══ DATA TO USE ══

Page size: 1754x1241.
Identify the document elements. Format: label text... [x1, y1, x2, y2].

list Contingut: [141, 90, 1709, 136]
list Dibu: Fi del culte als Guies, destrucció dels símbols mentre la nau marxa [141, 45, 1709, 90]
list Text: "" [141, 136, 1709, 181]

═══
══ DATA TO USE ══

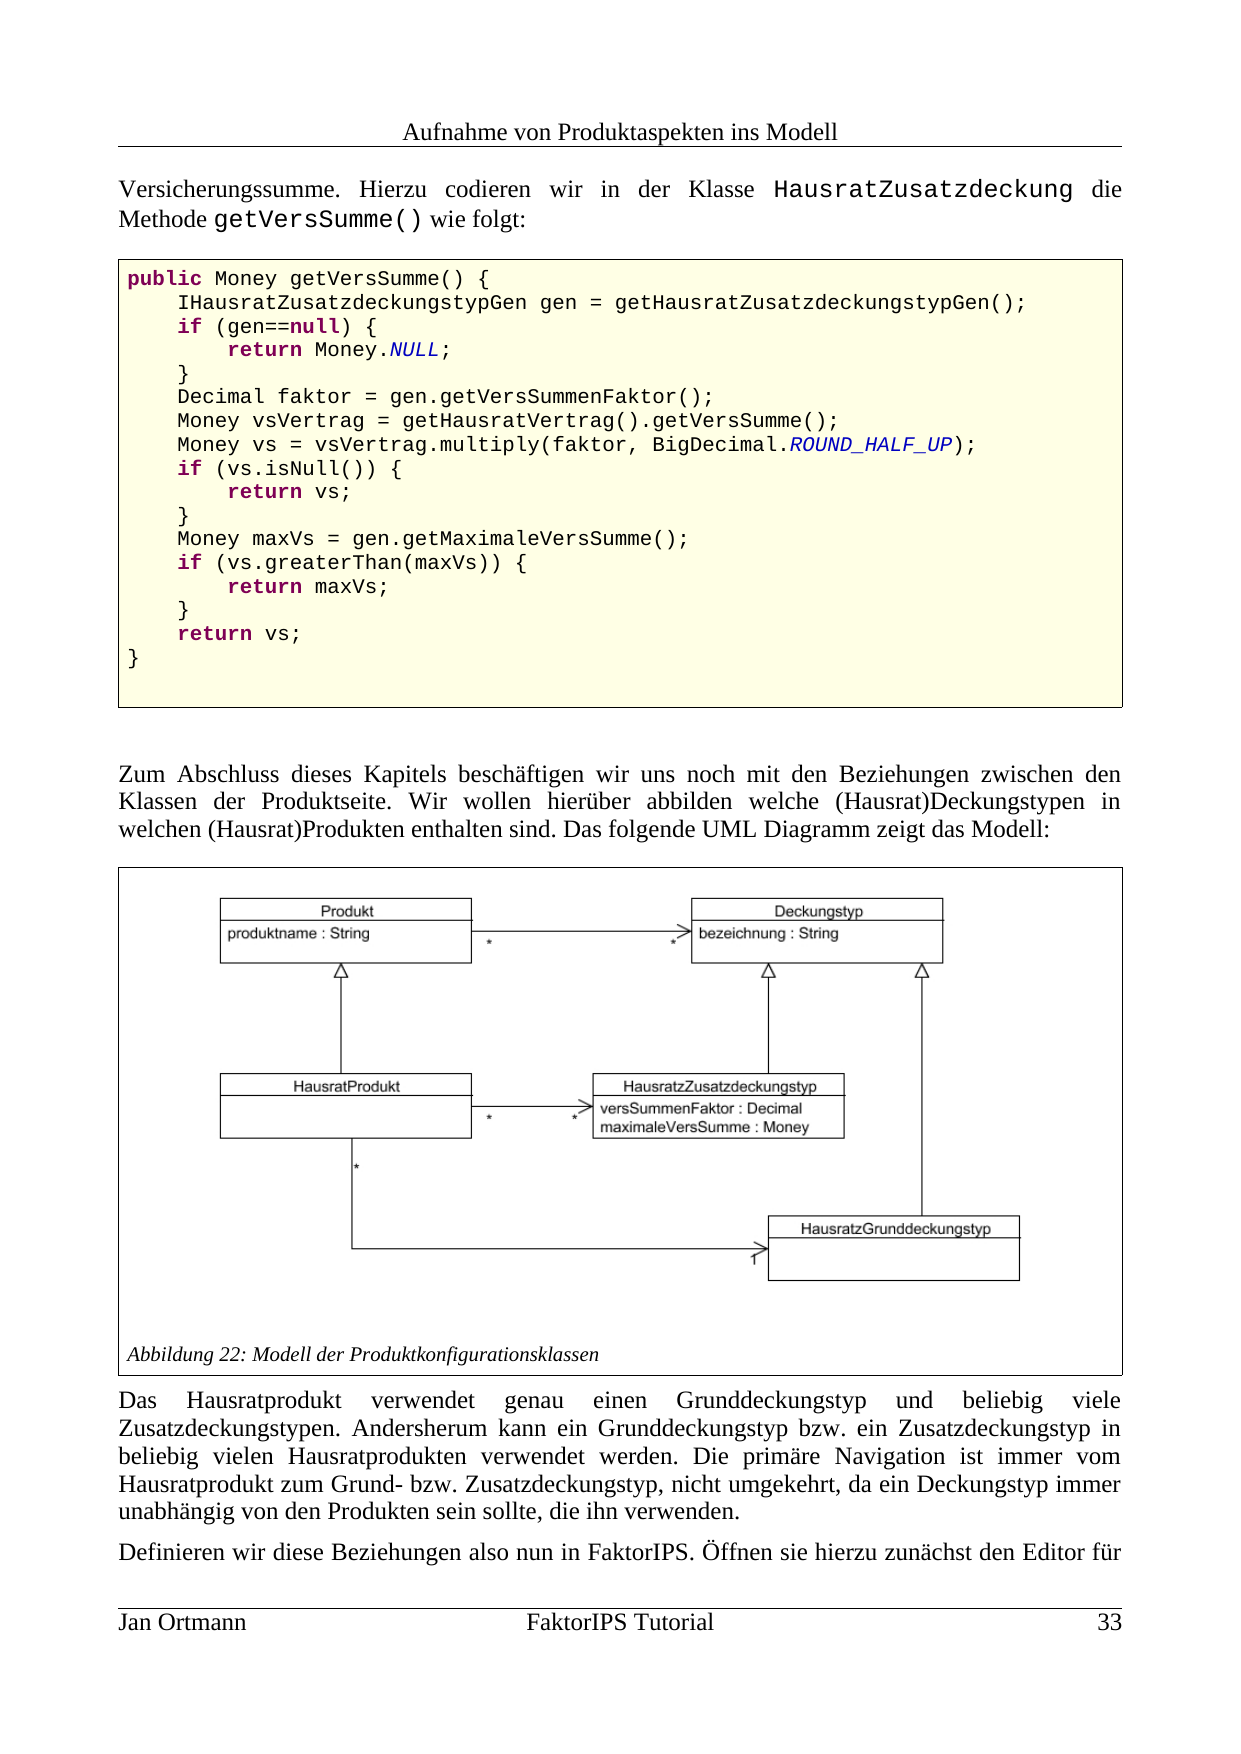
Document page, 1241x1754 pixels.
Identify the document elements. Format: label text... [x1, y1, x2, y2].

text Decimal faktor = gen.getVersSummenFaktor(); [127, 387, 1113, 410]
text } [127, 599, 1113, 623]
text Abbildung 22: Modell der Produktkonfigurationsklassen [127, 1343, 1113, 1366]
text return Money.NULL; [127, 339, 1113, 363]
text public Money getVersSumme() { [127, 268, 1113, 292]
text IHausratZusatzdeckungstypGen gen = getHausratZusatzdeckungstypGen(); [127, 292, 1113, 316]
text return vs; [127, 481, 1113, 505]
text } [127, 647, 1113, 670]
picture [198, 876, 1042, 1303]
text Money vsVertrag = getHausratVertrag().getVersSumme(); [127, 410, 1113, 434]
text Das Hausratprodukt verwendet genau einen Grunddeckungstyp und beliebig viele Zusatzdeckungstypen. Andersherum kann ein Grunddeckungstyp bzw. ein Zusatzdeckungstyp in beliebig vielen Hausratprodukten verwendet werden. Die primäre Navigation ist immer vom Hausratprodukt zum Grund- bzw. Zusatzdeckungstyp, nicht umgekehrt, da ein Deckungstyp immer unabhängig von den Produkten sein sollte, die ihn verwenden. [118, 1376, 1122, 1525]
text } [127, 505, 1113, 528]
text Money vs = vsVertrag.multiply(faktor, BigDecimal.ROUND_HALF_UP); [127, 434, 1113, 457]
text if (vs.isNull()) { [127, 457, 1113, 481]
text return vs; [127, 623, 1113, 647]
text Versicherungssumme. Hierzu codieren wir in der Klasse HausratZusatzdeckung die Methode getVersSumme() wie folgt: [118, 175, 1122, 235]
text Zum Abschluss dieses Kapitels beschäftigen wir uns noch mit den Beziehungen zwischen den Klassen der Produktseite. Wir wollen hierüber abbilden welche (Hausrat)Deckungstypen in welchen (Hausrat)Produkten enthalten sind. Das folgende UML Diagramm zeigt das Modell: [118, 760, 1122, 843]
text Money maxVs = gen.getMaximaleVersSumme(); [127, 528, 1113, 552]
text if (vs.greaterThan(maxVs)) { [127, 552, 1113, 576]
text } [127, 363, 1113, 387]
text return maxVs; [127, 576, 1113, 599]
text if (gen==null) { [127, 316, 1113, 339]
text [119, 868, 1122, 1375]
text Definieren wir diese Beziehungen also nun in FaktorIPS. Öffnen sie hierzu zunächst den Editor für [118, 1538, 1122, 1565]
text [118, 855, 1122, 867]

═══
══ DATA TO USE ══

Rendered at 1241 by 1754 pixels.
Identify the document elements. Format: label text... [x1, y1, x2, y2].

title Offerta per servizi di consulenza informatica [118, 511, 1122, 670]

═══

## TRY IT
The answer must be every line from the records above that contains "pixels".

## WRITTEN SOLUTION
Document page, 1241x1754 pixels.
Rendered at 1241 by 1754 pixels.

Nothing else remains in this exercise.